DeepSeek-Prover
https://arxiv.org/abs/2408.08152
DeepSeek-Prover-V1.5 is an open-source large-scale language model (LLM) developed for theorem proving on Lean 4, evolving in the following ways
Innovation in Approach
- Fusion of whole proof generation and step proofs
- Introducing the "truncate-and-resume mechanism" that integrates the advantages of the conventional "whole proof generation (batch generation of all proof codes)" and "step proof generation (verification of one step at a time)". The code is split at the error point and the next step is generated.
- Monte-Carlo Tree Search (MCTS)
- A new algorithm, RMaxTS, was introduced to streamline proof search. Promotes diversity in solution paths by utilizing search at error locations and "curiosity rewards".
Learning Methods
- prior learning
- Enhanced LLM with math and code data.
- Supervised fine-tuning
- Extend the dataset to incorporate the tactic state of the proof into the model.

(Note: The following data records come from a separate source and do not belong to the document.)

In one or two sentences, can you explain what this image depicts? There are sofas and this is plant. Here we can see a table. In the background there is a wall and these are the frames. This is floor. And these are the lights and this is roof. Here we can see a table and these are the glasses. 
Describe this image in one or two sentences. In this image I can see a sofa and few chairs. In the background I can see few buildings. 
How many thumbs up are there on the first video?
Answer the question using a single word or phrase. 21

- Reinforcement Learning (RL)
- Lean 4 proof feedback is used as a reward to optimize the model.
Assessment Results
- miniF2F (high school level math problems): 63.5% achievement rate (above the previous best of 54.5%).
- ProofNet (college-level math problems): 25.3% achievement rate (above previous best of 18.1%).

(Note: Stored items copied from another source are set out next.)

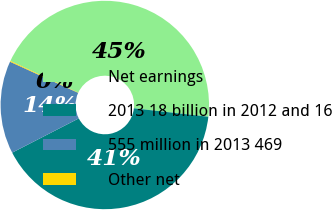Convert chart. <chart><loc_0><loc_0><loc_500><loc_500><pie_chart><fcel>Net earnings<fcel>2013 18 billion in 2012 and 16<fcel>555 million in 2013 469<fcel>Other net<nl><fcel>44.85%<fcel>40.64%<fcel>14.38%<fcel>0.13%<nl></chart> 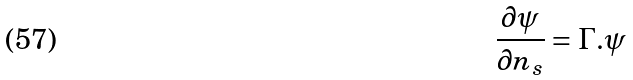Convert formula to latex. <formula><loc_0><loc_0><loc_500><loc_500>\frac { \partial \psi } { \partial n _ { s } } = \Gamma . \psi</formula> 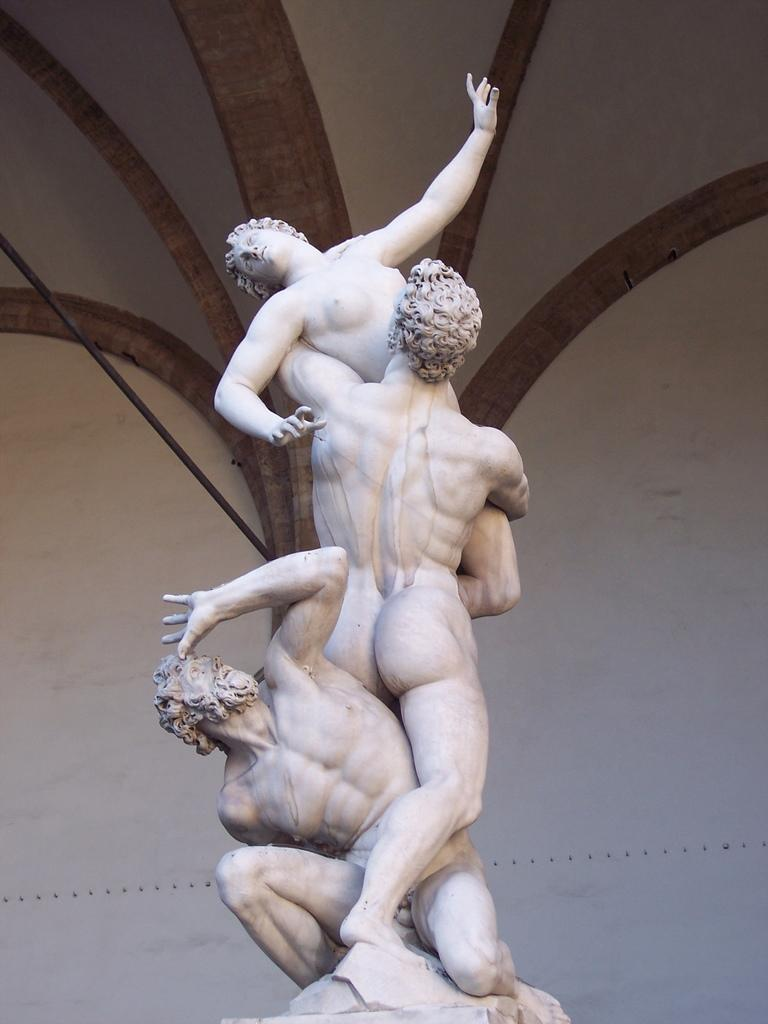What type of objects are in the image? There are people statues in the image. What color are the statues? The statues are white in color. What colors can be seen in the background of the image? The background of the image has white and brown colors. What type of baseball punishment is being depicted in the image? There is no baseball or punishment depicted in the image; it features people statues. What type of line is visible in the image? There is no line visible in the image. 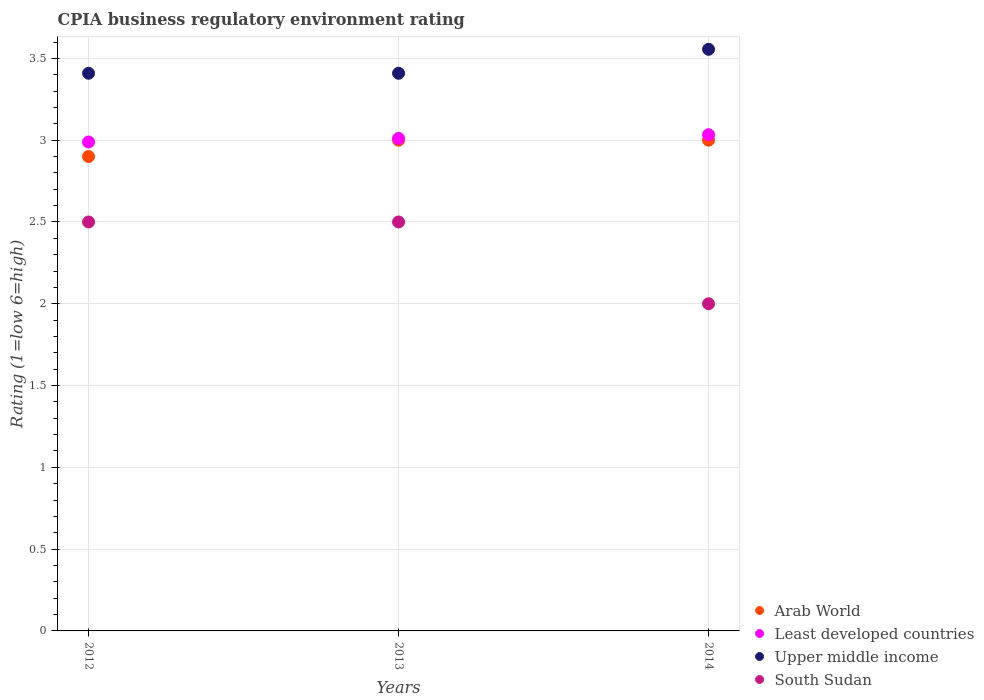Is the number of dotlines equal to the number of legend labels?
Your answer should be compact. Yes. What is the CPIA rating in Upper middle income in 2014?
Offer a very short reply. 3.56. Across all years, what is the maximum CPIA rating in Arab World?
Ensure brevity in your answer.  3. Across all years, what is the minimum CPIA rating in South Sudan?
Your answer should be very brief. 2. In which year was the CPIA rating in South Sudan maximum?
Your response must be concise. 2012. In which year was the CPIA rating in South Sudan minimum?
Your answer should be compact. 2014. What is the total CPIA rating in Upper middle income in the graph?
Make the answer very short. 10.37. What is the difference between the CPIA rating in Least developed countries in 2012 and that in 2014?
Offer a terse response. -0.04. What is the average CPIA rating in South Sudan per year?
Ensure brevity in your answer.  2.33. In the year 2014, what is the difference between the CPIA rating in Upper middle income and CPIA rating in Least developed countries?
Make the answer very short. 0.52. In how many years, is the CPIA rating in Arab World greater than 1.7?
Your answer should be compact. 3. What is the ratio of the CPIA rating in Least developed countries in 2013 to that in 2014?
Keep it short and to the point. 0.99. Is the CPIA rating in Arab World in 2012 less than that in 2014?
Provide a short and direct response. Yes. Is the difference between the CPIA rating in Upper middle income in 2013 and 2014 greater than the difference between the CPIA rating in Least developed countries in 2013 and 2014?
Make the answer very short. No. What is the difference between the highest and the second highest CPIA rating in Least developed countries?
Give a very brief answer. 0.02. What is the difference between the highest and the lowest CPIA rating in Least developed countries?
Keep it short and to the point. 0.04. In how many years, is the CPIA rating in Arab World greater than the average CPIA rating in Arab World taken over all years?
Your answer should be very brief. 2. Is it the case that in every year, the sum of the CPIA rating in Arab World and CPIA rating in Upper middle income  is greater than the CPIA rating in South Sudan?
Offer a terse response. Yes. Does the CPIA rating in Least developed countries monotonically increase over the years?
Your answer should be compact. Yes. Is the CPIA rating in South Sudan strictly less than the CPIA rating in Least developed countries over the years?
Ensure brevity in your answer.  Yes. How many dotlines are there?
Keep it short and to the point. 4. How many years are there in the graph?
Give a very brief answer. 3. What is the difference between two consecutive major ticks on the Y-axis?
Offer a terse response. 0.5. Are the values on the major ticks of Y-axis written in scientific E-notation?
Offer a very short reply. No. Does the graph contain grids?
Your answer should be compact. Yes. Where does the legend appear in the graph?
Your response must be concise. Bottom right. How are the legend labels stacked?
Offer a terse response. Vertical. What is the title of the graph?
Provide a succinct answer. CPIA business regulatory environment rating. Does "Oman" appear as one of the legend labels in the graph?
Ensure brevity in your answer.  No. What is the label or title of the X-axis?
Give a very brief answer. Years. What is the Rating (1=low 6=high) of Arab World in 2012?
Give a very brief answer. 2.9. What is the Rating (1=low 6=high) of Least developed countries in 2012?
Your response must be concise. 2.99. What is the Rating (1=low 6=high) of Upper middle income in 2012?
Your response must be concise. 3.41. What is the Rating (1=low 6=high) in Least developed countries in 2013?
Ensure brevity in your answer.  3.01. What is the Rating (1=low 6=high) in Upper middle income in 2013?
Give a very brief answer. 3.41. What is the Rating (1=low 6=high) of Least developed countries in 2014?
Your answer should be compact. 3.03. What is the Rating (1=low 6=high) in Upper middle income in 2014?
Your response must be concise. 3.56. Across all years, what is the maximum Rating (1=low 6=high) in Arab World?
Make the answer very short. 3. Across all years, what is the maximum Rating (1=low 6=high) in Least developed countries?
Keep it short and to the point. 3.03. Across all years, what is the maximum Rating (1=low 6=high) of Upper middle income?
Provide a succinct answer. 3.56. Across all years, what is the maximum Rating (1=low 6=high) in South Sudan?
Your answer should be compact. 2.5. Across all years, what is the minimum Rating (1=low 6=high) of Least developed countries?
Provide a succinct answer. 2.99. Across all years, what is the minimum Rating (1=low 6=high) in Upper middle income?
Your answer should be compact. 3.41. What is the total Rating (1=low 6=high) of Least developed countries in the graph?
Your response must be concise. 9.03. What is the total Rating (1=low 6=high) of Upper middle income in the graph?
Give a very brief answer. 10.37. What is the difference between the Rating (1=low 6=high) in Arab World in 2012 and that in 2013?
Your answer should be compact. -0.1. What is the difference between the Rating (1=low 6=high) in Least developed countries in 2012 and that in 2013?
Your answer should be very brief. -0.02. What is the difference between the Rating (1=low 6=high) of Upper middle income in 2012 and that in 2013?
Your answer should be very brief. 0. What is the difference between the Rating (1=low 6=high) in South Sudan in 2012 and that in 2013?
Give a very brief answer. 0. What is the difference between the Rating (1=low 6=high) of Arab World in 2012 and that in 2014?
Your answer should be very brief. -0.1. What is the difference between the Rating (1=low 6=high) of Least developed countries in 2012 and that in 2014?
Provide a succinct answer. -0.04. What is the difference between the Rating (1=low 6=high) in Upper middle income in 2012 and that in 2014?
Offer a terse response. -0.15. What is the difference between the Rating (1=low 6=high) of Least developed countries in 2013 and that in 2014?
Keep it short and to the point. -0.02. What is the difference between the Rating (1=low 6=high) in Upper middle income in 2013 and that in 2014?
Your response must be concise. -0.15. What is the difference between the Rating (1=low 6=high) of South Sudan in 2013 and that in 2014?
Ensure brevity in your answer.  0.5. What is the difference between the Rating (1=low 6=high) of Arab World in 2012 and the Rating (1=low 6=high) of Least developed countries in 2013?
Your answer should be compact. -0.11. What is the difference between the Rating (1=low 6=high) of Arab World in 2012 and the Rating (1=low 6=high) of Upper middle income in 2013?
Offer a very short reply. -0.51. What is the difference between the Rating (1=low 6=high) in Least developed countries in 2012 and the Rating (1=low 6=high) in Upper middle income in 2013?
Offer a terse response. -0.42. What is the difference between the Rating (1=low 6=high) in Least developed countries in 2012 and the Rating (1=low 6=high) in South Sudan in 2013?
Provide a succinct answer. 0.49. What is the difference between the Rating (1=low 6=high) of Arab World in 2012 and the Rating (1=low 6=high) of Least developed countries in 2014?
Make the answer very short. -0.13. What is the difference between the Rating (1=low 6=high) of Arab World in 2012 and the Rating (1=low 6=high) of Upper middle income in 2014?
Your response must be concise. -0.66. What is the difference between the Rating (1=low 6=high) in Arab World in 2012 and the Rating (1=low 6=high) in South Sudan in 2014?
Make the answer very short. 0.9. What is the difference between the Rating (1=low 6=high) in Least developed countries in 2012 and the Rating (1=low 6=high) in Upper middle income in 2014?
Give a very brief answer. -0.57. What is the difference between the Rating (1=low 6=high) of Least developed countries in 2012 and the Rating (1=low 6=high) of South Sudan in 2014?
Ensure brevity in your answer.  0.99. What is the difference between the Rating (1=low 6=high) in Upper middle income in 2012 and the Rating (1=low 6=high) in South Sudan in 2014?
Your response must be concise. 1.41. What is the difference between the Rating (1=low 6=high) in Arab World in 2013 and the Rating (1=low 6=high) in Least developed countries in 2014?
Ensure brevity in your answer.  -0.03. What is the difference between the Rating (1=low 6=high) of Arab World in 2013 and the Rating (1=low 6=high) of Upper middle income in 2014?
Ensure brevity in your answer.  -0.56. What is the difference between the Rating (1=low 6=high) of Least developed countries in 2013 and the Rating (1=low 6=high) of Upper middle income in 2014?
Provide a short and direct response. -0.54. What is the difference between the Rating (1=low 6=high) in Least developed countries in 2013 and the Rating (1=low 6=high) in South Sudan in 2014?
Offer a terse response. 1.01. What is the difference between the Rating (1=low 6=high) in Upper middle income in 2013 and the Rating (1=low 6=high) in South Sudan in 2014?
Keep it short and to the point. 1.41. What is the average Rating (1=low 6=high) of Arab World per year?
Offer a very short reply. 2.97. What is the average Rating (1=low 6=high) of Least developed countries per year?
Your response must be concise. 3.01. What is the average Rating (1=low 6=high) in Upper middle income per year?
Offer a very short reply. 3.46. What is the average Rating (1=low 6=high) of South Sudan per year?
Keep it short and to the point. 2.33. In the year 2012, what is the difference between the Rating (1=low 6=high) of Arab World and Rating (1=low 6=high) of Least developed countries?
Your response must be concise. -0.09. In the year 2012, what is the difference between the Rating (1=low 6=high) of Arab World and Rating (1=low 6=high) of Upper middle income?
Your response must be concise. -0.51. In the year 2012, what is the difference between the Rating (1=low 6=high) in Least developed countries and Rating (1=low 6=high) in Upper middle income?
Make the answer very short. -0.42. In the year 2012, what is the difference between the Rating (1=low 6=high) in Least developed countries and Rating (1=low 6=high) in South Sudan?
Offer a terse response. 0.49. In the year 2012, what is the difference between the Rating (1=low 6=high) of Upper middle income and Rating (1=low 6=high) of South Sudan?
Make the answer very short. 0.91. In the year 2013, what is the difference between the Rating (1=low 6=high) in Arab World and Rating (1=low 6=high) in Least developed countries?
Your answer should be compact. -0.01. In the year 2013, what is the difference between the Rating (1=low 6=high) in Arab World and Rating (1=low 6=high) in Upper middle income?
Provide a short and direct response. -0.41. In the year 2013, what is the difference between the Rating (1=low 6=high) in Least developed countries and Rating (1=low 6=high) in Upper middle income?
Give a very brief answer. -0.4. In the year 2013, what is the difference between the Rating (1=low 6=high) in Least developed countries and Rating (1=low 6=high) in South Sudan?
Give a very brief answer. 0.51. In the year 2014, what is the difference between the Rating (1=low 6=high) of Arab World and Rating (1=low 6=high) of Least developed countries?
Ensure brevity in your answer.  -0.03. In the year 2014, what is the difference between the Rating (1=low 6=high) in Arab World and Rating (1=low 6=high) in Upper middle income?
Offer a very short reply. -0.56. In the year 2014, what is the difference between the Rating (1=low 6=high) in Arab World and Rating (1=low 6=high) in South Sudan?
Ensure brevity in your answer.  1. In the year 2014, what is the difference between the Rating (1=low 6=high) in Least developed countries and Rating (1=low 6=high) in Upper middle income?
Give a very brief answer. -0.52. In the year 2014, what is the difference between the Rating (1=low 6=high) in Least developed countries and Rating (1=low 6=high) in South Sudan?
Provide a short and direct response. 1.03. In the year 2014, what is the difference between the Rating (1=low 6=high) of Upper middle income and Rating (1=low 6=high) of South Sudan?
Offer a very short reply. 1.56. What is the ratio of the Rating (1=low 6=high) of Arab World in 2012 to that in 2013?
Your answer should be very brief. 0.97. What is the ratio of the Rating (1=low 6=high) in Upper middle income in 2012 to that in 2013?
Offer a very short reply. 1. What is the ratio of the Rating (1=low 6=high) in South Sudan in 2012 to that in 2013?
Make the answer very short. 1. What is the ratio of the Rating (1=low 6=high) of Arab World in 2012 to that in 2014?
Offer a very short reply. 0.97. What is the ratio of the Rating (1=low 6=high) in Least developed countries in 2012 to that in 2014?
Ensure brevity in your answer.  0.99. What is the ratio of the Rating (1=low 6=high) in Upper middle income in 2012 to that in 2014?
Keep it short and to the point. 0.96. What is the ratio of the Rating (1=low 6=high) in Upper middle income in 2013 to that in 2014?
Provide a short and direct response. 0.96. What is the ratio of the Rating (1=low 6=high) in South Sudan in 2013 to that in 2014?
Your answer should be very brief. 1.25. What is the difference between the highest and the second highest Rating (1=low 6=high) of Least developed countries?
Provide a succinct answer. 0.02. What is the difference between the highest and the second highest Rating (1=low 6=high) in Upper middle income?
Make the answer very short. 0.15. What is the difference between the highest and the second highest Rating (1=low 6=high) of South Sudan?
Your response must be concise. 0. What is the difference between the highest and the lowest Rating (1=low 6=high) of Arab World?
Offer a terse response. 0.1. What is the difference between the highest and the lowest Rating (1=low 6=high) of Least developed countries?
Offer a terse response. 0.04. What is the difference between the highest and the lowest Rating (1=low 6=high) of Upper middle income?
Give a very brief answer. 0.15. What is the difference between the highest and the lowest Rating (1=low 6=high) in South Sudan?
Your answer should be compact. 0.5.

Conclusion and Significance
- Combines efficiency and flexibility through a hybrid of whole and step generation.
- Improved mathematical reasoning skills and achieved state-of-the-art results.
- Further search strategies and applications to multi-theorem proving are expected in the future.

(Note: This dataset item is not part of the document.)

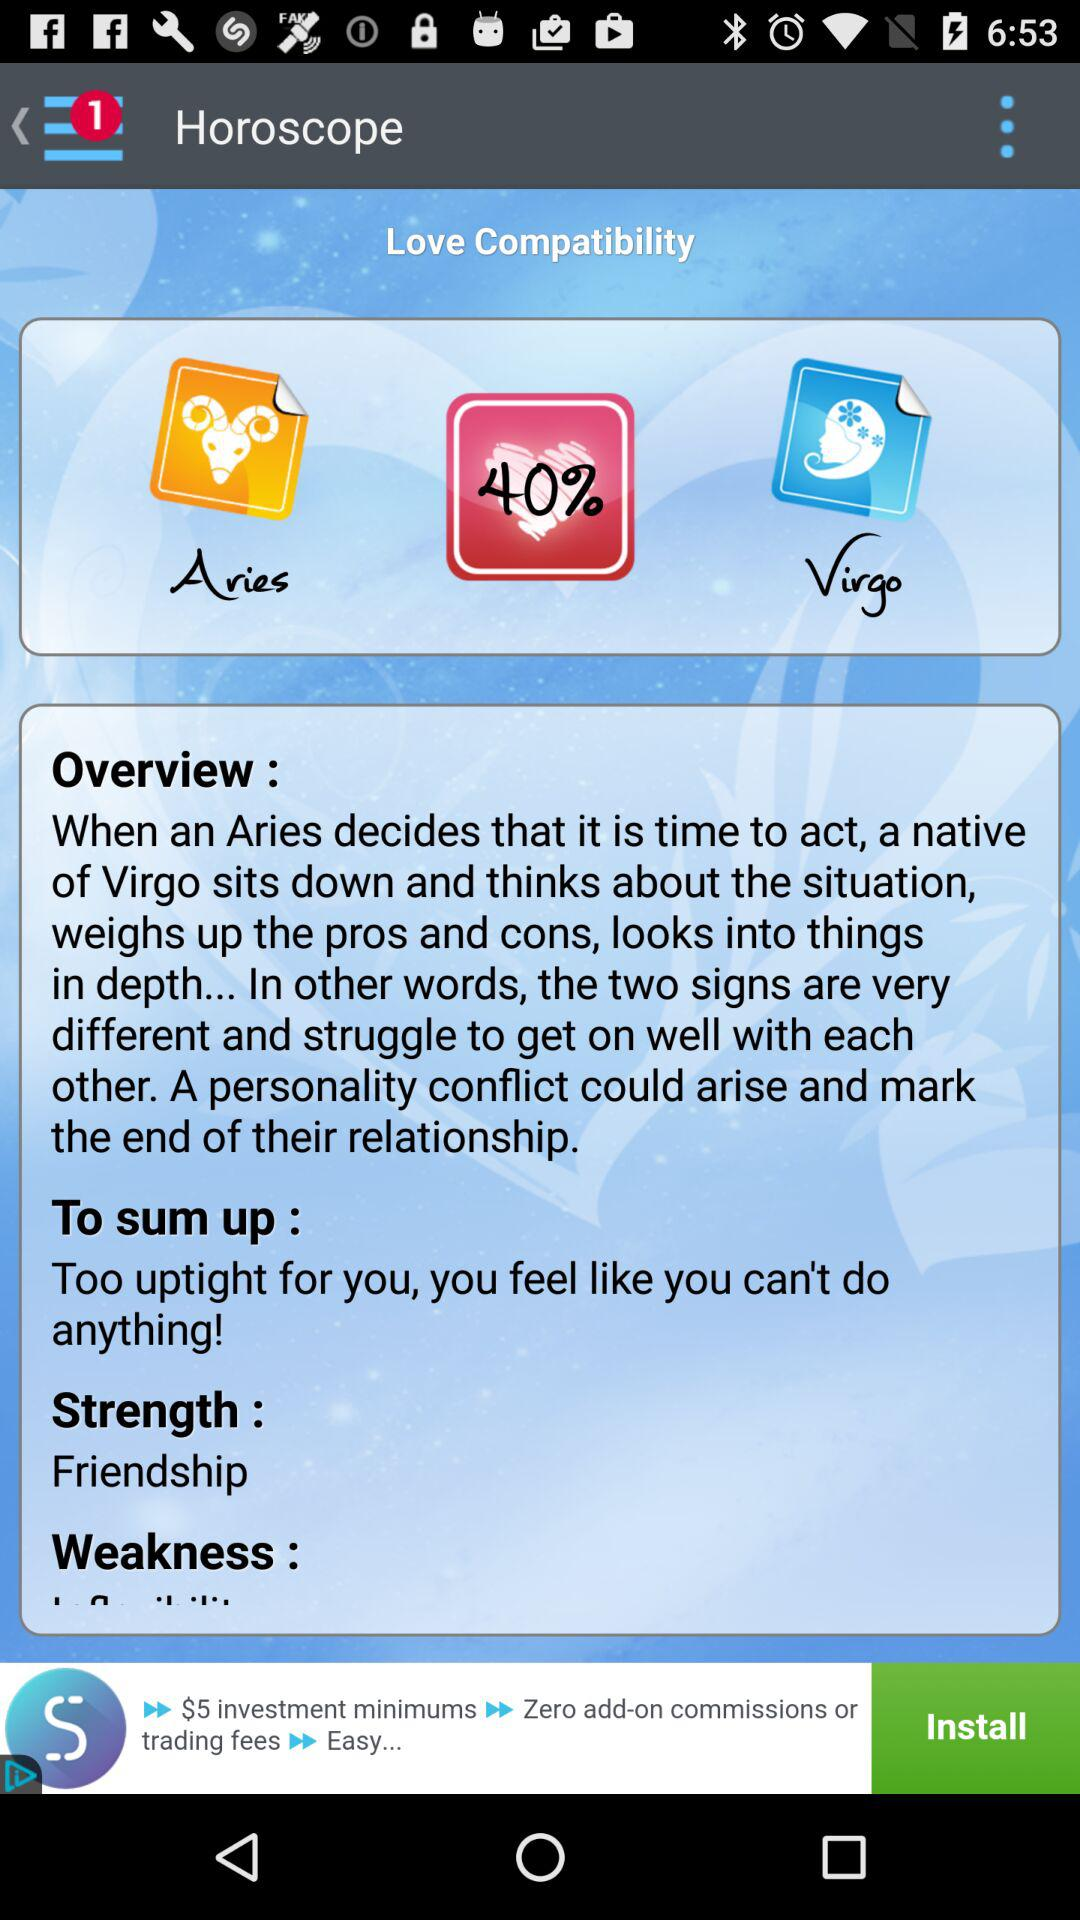What is the percentage of love compatibility? The percentage is 40.

- This study demonstrates new possibilities for integrating proof support systems and LLMs.
This page is auto-translated from /nishio/DeepSeek-Prover using DeepL. If you looks something interesting but the auto-translated English is not good enough to understand it, feel free to let me know at @nishio_en. I'm very happy to spread my thought to non-Japanese readers.